[[ RECORDS FOR PROCESSING, beginning ]]

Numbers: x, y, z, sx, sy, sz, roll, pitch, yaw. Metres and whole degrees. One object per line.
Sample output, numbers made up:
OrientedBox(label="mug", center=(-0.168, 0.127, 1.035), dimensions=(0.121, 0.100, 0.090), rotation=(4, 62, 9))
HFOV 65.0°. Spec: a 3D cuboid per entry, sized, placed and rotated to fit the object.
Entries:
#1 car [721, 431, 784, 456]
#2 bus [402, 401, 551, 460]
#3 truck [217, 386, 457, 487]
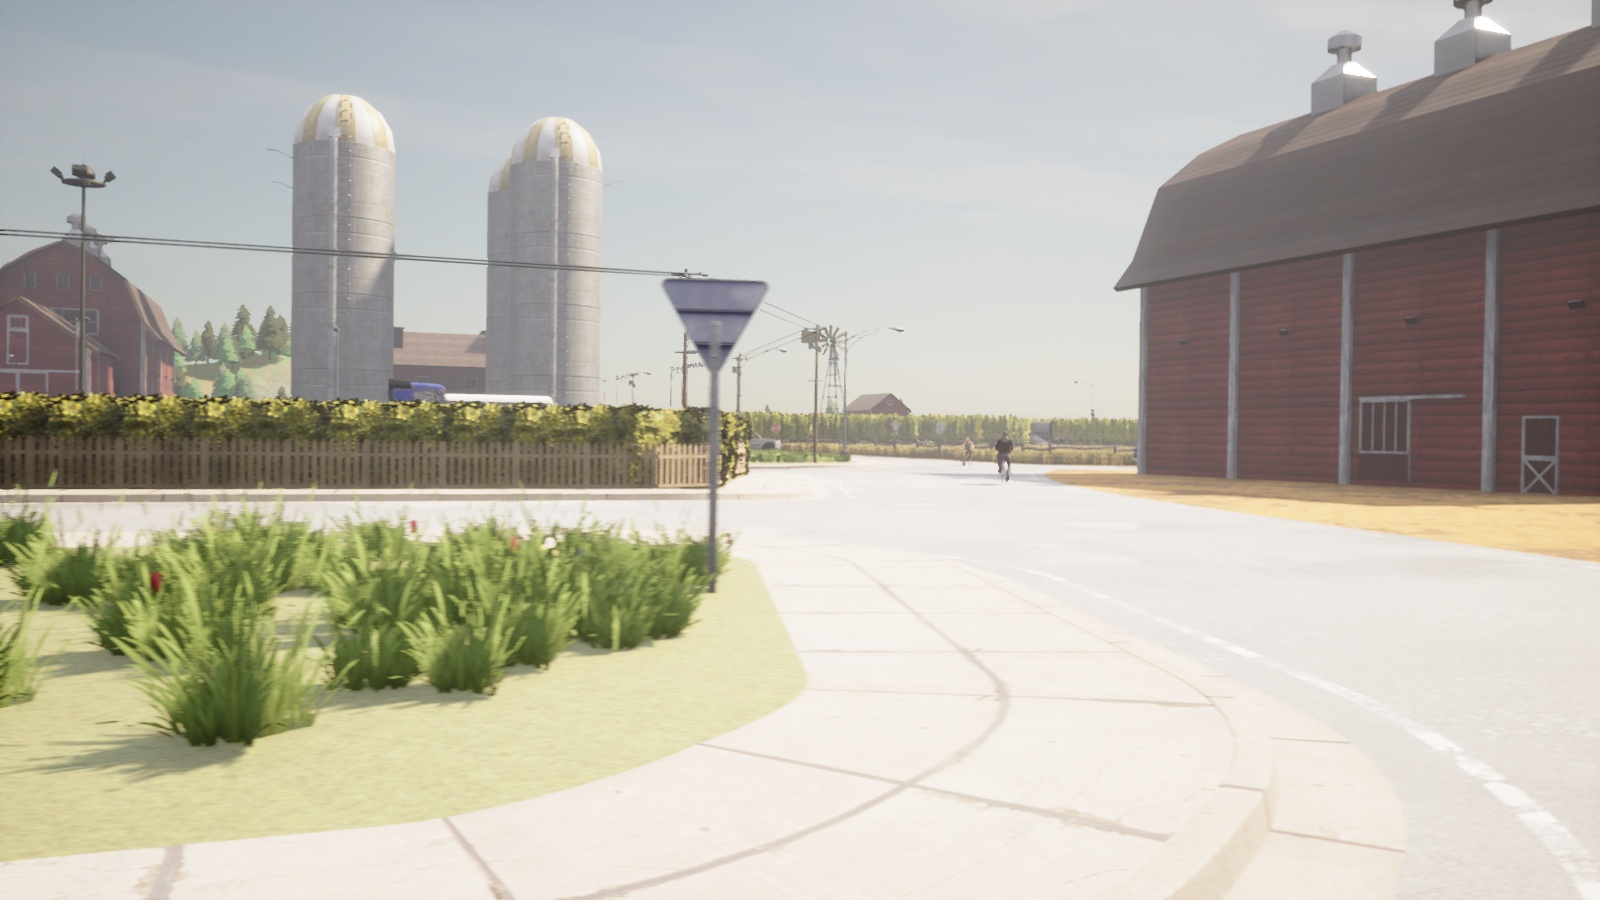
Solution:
OrientedBox(label="car", center=(-3.592, -0.490, 96.309), dimensions=(4.605, 1.855, 1.932), rotation=(0, 0, 6))
OrientedBox(label="bus", center=(-24.066, -1.486, 93.437), dimensions=(10.273, 4.253, 3.944), rotation=(-1, 1, -22))
OrientedBox(label="truck", center=(-16.740, -0.515, 45.723), dimensions=(7.936, 3.462, 2.891), rotation=(-1, 1, -21))

[[ RECORDS FOR PROCESSING, end ]]

For each line above that includes "object", make a copy.

SOLUTION TO THIS EXERCISE ->
Numbers: x, y, z, sx, sy, sz, roll, pitch, yaw. Metres and whole degrees. One object per line.
HFOV 65.0°. Spec: a 3D cuboid per entry, sized, placed and rotated to fit the object.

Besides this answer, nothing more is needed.